Jean-Luc Godard a une filmographie vaste et surtout très particulière. Certains n'accrocheront pas vraiment à son travail, voire pas du tout. D'autres aimeront des films en particuliers, mais pas forcément les mêmes selon les personnes. Ce qui en fait un cinéaste intéressant et qui ne laisse pas indifférent.
En 1963, il signe un de ses films les plus connus, un des rares à avoir passé le million d'entrées en France (1,5 million plus précisément). C'est également un film plutôt cher au regard de ses autres films (on parle d'un budget qui dépassait les 5 millions de francs). Tout débute lorsque le producteur Carlo Ponti (à qui l'on doit La Strada, Blow up ou Affreux, sales et méchants) vient voir Godard pour une adaptation du roman d'Alberto Moravia (1954). Godard envisage Kim Novak et Frank Sinatra,Ponti Sophia Loren et Marcelo Mastroianni, ce seront finalement Brigitte Bardot et Michel Piccoli.
L'américain Joseph E Levine (l'homme derrière le montage américain de Godzilla) se rajoute à la fête et se révèle mécontent du premier montage. Il veut littéralement plus de cul et notamment celui de Bardot. Godard est obligé de faire des reshoots, sinon les américains ne payeront pas les derniers versements de la production du film. Il se trouve que sa manière de faire tient du plus majestueux des trolls. C'est ainsi que l'on s'est retrouvé avec la très belle scène multipliant les filtres, avec Bardot évoquant à Piccoli les parties de son corps et quelques plans par ci, par là. Une technique du troll qu'il refera sur King Lear (1987), au point de faire enrager le père Golan à jamais.

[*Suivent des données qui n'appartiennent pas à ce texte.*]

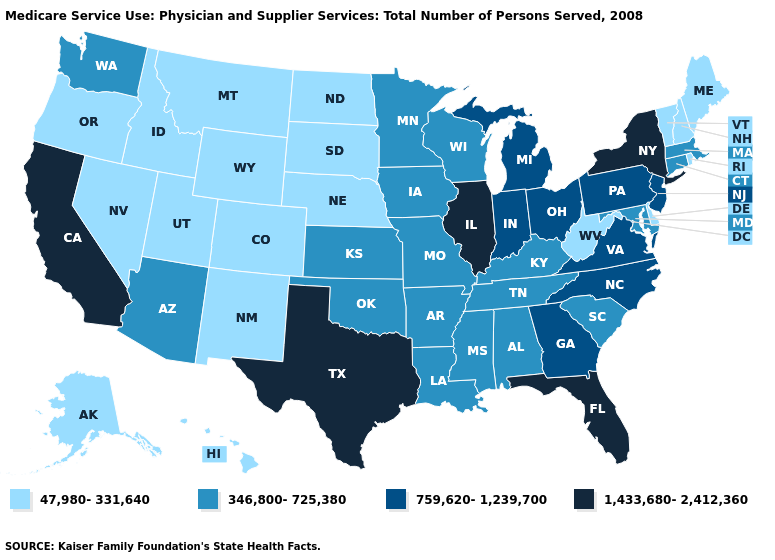Does New Jersey have a lower value than Minnesota?
Be succinct. No. Does the map have missing data?
Quick response, please. No. What is the value of New Jersey?
Concise answer only. 759,620-1,239,700. Name the states that have a value in the range 759,620-1,239,700?
Answer briefly. Georgia, Indiana, Michigan, New Jersey, North Carolina, Ohio, Pennsylvania, Virginia. Does New Hampshire have a lower value than Rhode Island?
Give a very brief answer. No. Is the legend a continuous bar?
Keep it brief. No. Name the states that have a value in the range 1,433,680-2,412,360?
Be succinct. California, Florida, Illinois, New York, Texas. Does Nevada have the lowest value in the USA?
Short answer required. Yes. Name the states that have a value in the range 47,980-331,640?
Write a very short answer. Alaska, Colorado, Delaware, Hawaii, Idaho, Maine, Montana, Nebraska, Nevada, New Hampshire, New Mexico, North Dakota, Oregon, Rhode Island, South Dakota, Utah, Vermont, West Virginia, Wyoming. Name the states that have a value in the range 346,800-725,380?
Give a very brief answer. Alabama, Arizona, Arkansas, Connecticut, Iowa, Kansas, Kentucky, Louisiana, Maryland, Massachusetts, Minnesota, Mississippi, Missouri, Oklahoma, South Carolina, Tennessee, Washington, Wisconsin. What is the value of Arkansas?
Give a very brief answer. 346,800-725,380. Among the states that border Missouri , does Illinois have the highest value?
Short answer required. Yes. Among the states that border Oregon , which have the lowest value?
Short answer required. Idaho, Nevada. Does the map have missing data?
Answer briefly. No. What is the highest value in the MidWest ?
Answer briefly. 1,433,680-2,412,360. 
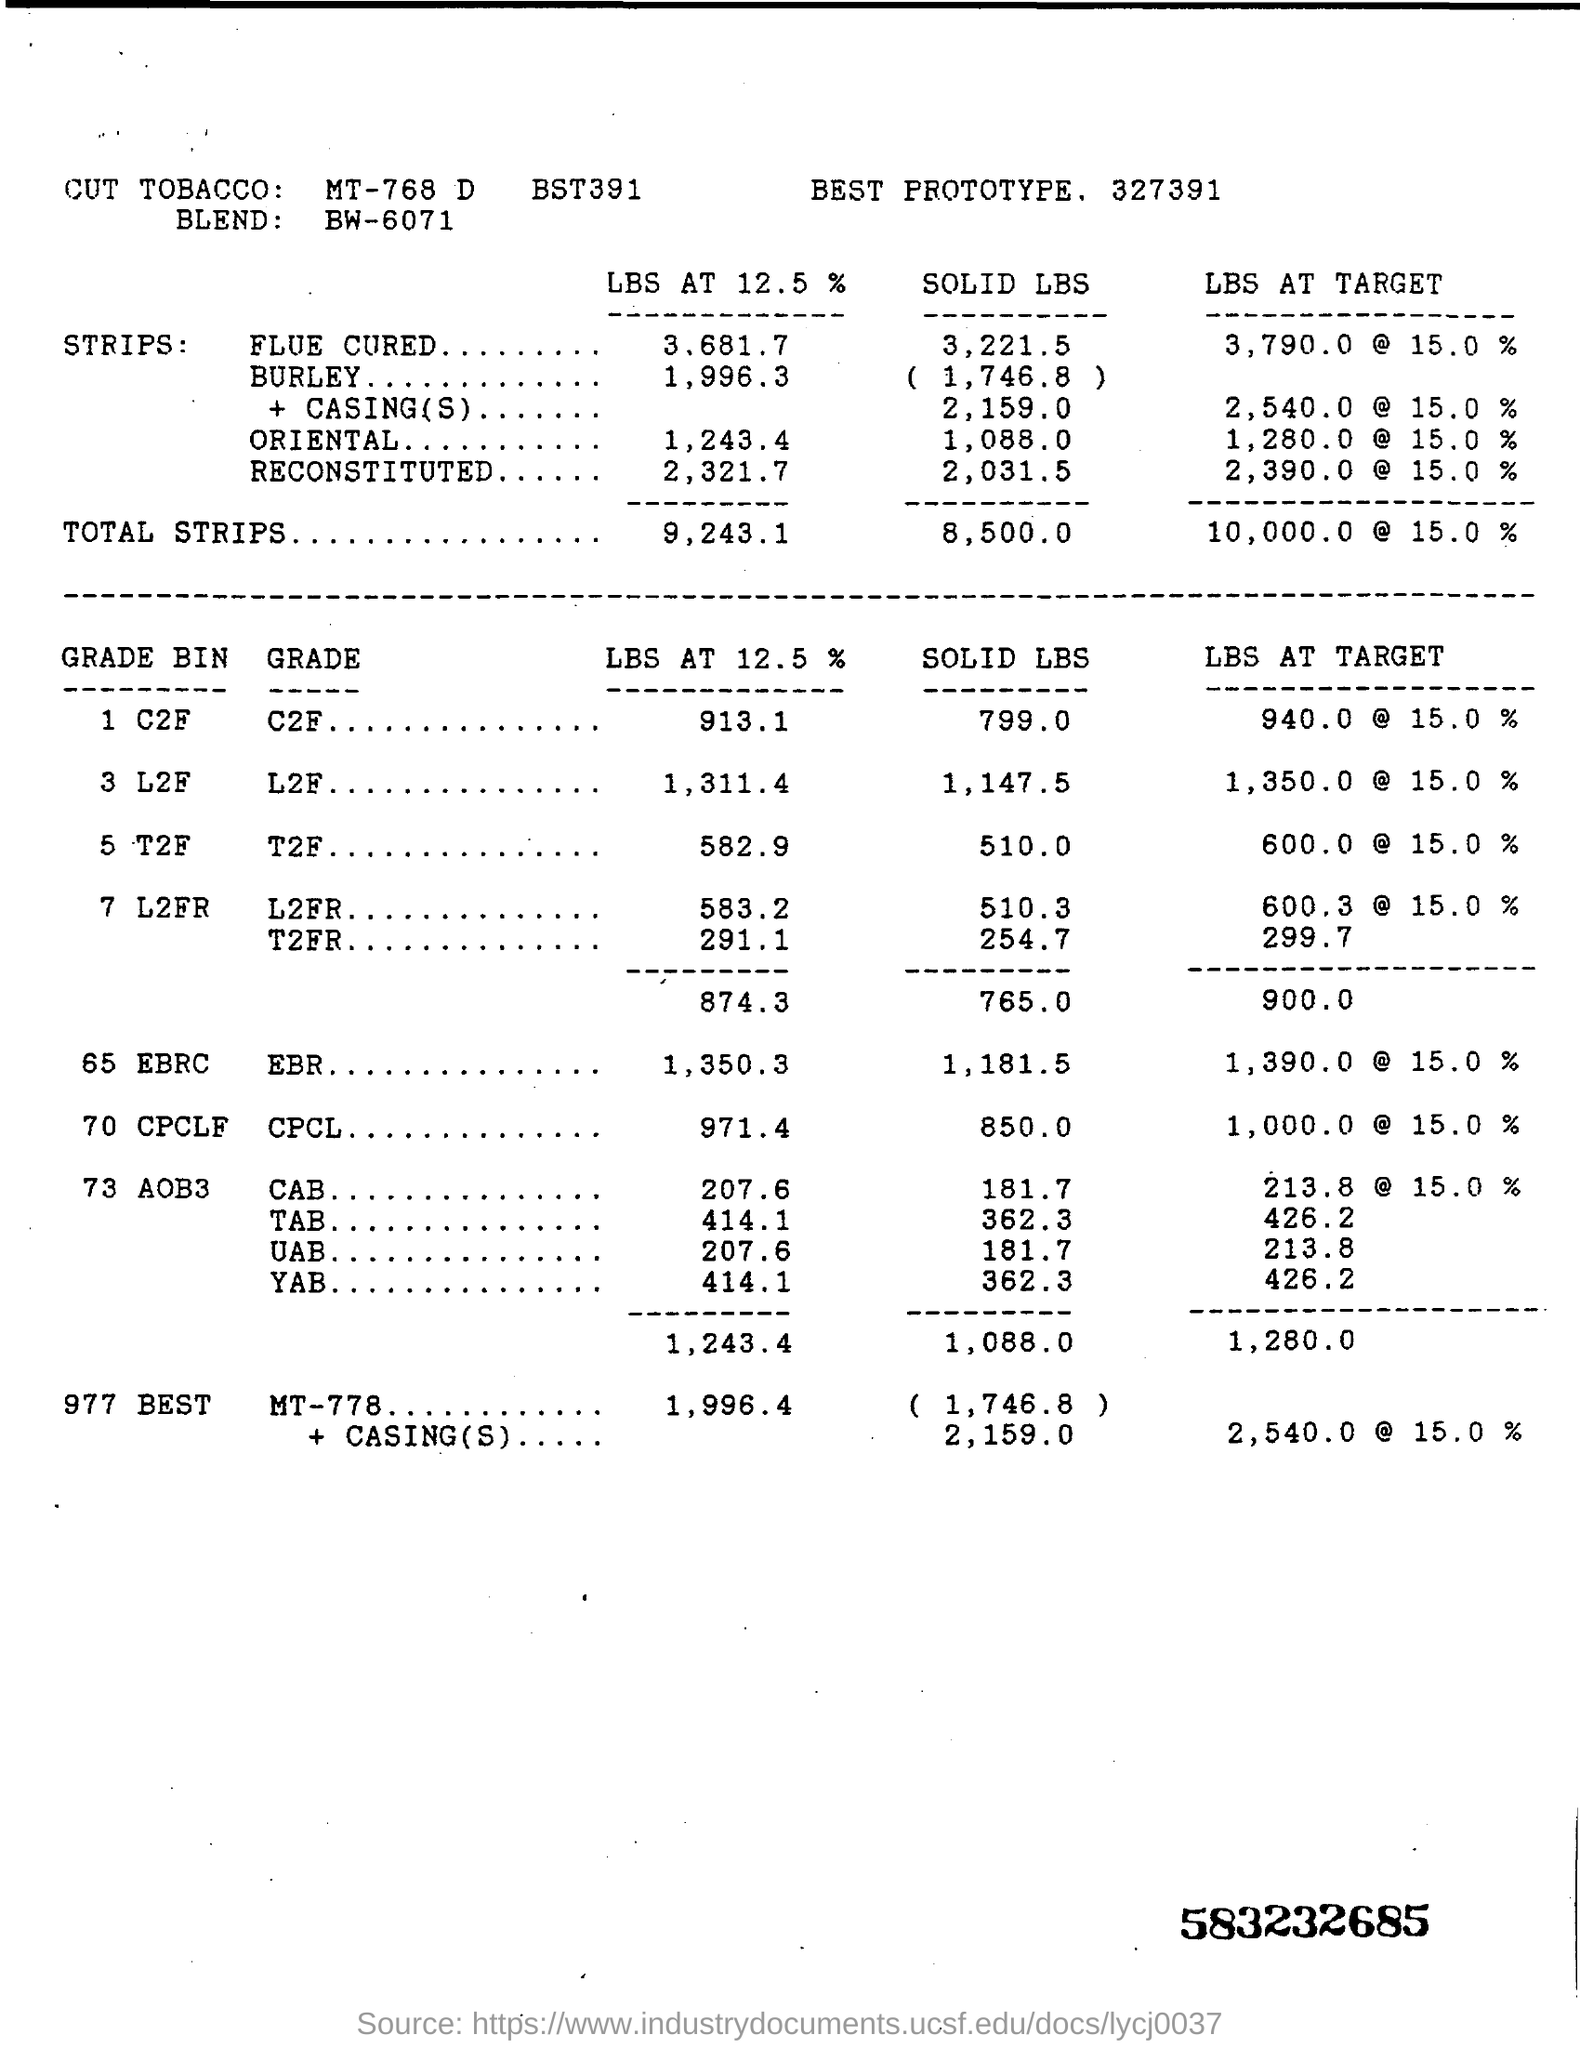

Le Mépris parle d'ailleurs constamment de cinéma, puisqu'il suit un scénariste (ou du moins un écrivain faisant des extras au cinéma) sur le tournage d'un film de Fritz Lang qu'il est censé réécrire. Il est d'ailleurs ironique de retrouver une scène de projection où le producteur joué par Jack Palance s'énerve de ce qu'il voit. Les différents intervenants n'ont pas la même vision des choses, entraînant des divergences artistiques sur le fond même du film. Ainsi, l'histoire d'amour d'Ulysse et Pénélope change du tout au tout en fonction de l'évolution du couple Piccoli / Bardot, entraînant des changements radicaux dans le script (est-ce que Pénélope aime encore Ulysse ?). Plus le couple s'envenime, plus le scénariste va écrire de manière négative jusqu'au point de non-retour.
Le mari est en partie responsable de son malheur, multipliant les maladresses en pagaille, notamment de mettre sa femme dans la gueule du loup (coucou Jack). Dès lors, le regard noir de Brigitte Bardot devient aussi fracassant que le soleil de Capri et son personnage n'en devient que plus attachant. Piccoli et Bardot forment d'ailleurs un couple assez naturel et on ressent clairement leur complicité en début de film (là où tout va bien). Ce qui permet de rendre la chute d'autant plus triste, bien aidée par la musique de Georges Delerue. Godard a tendance à un peu trop l'utiliser, ce qui ne l'empêche pas d'être émouvante.
Le Mépris peut être vu comme un des films les plus accessibles de Godard, moins expérimental et un peu plus narratif (bien qu'il y a comme toujours beaucoup d'improvisation). En plus d'être un film sublime visuellement.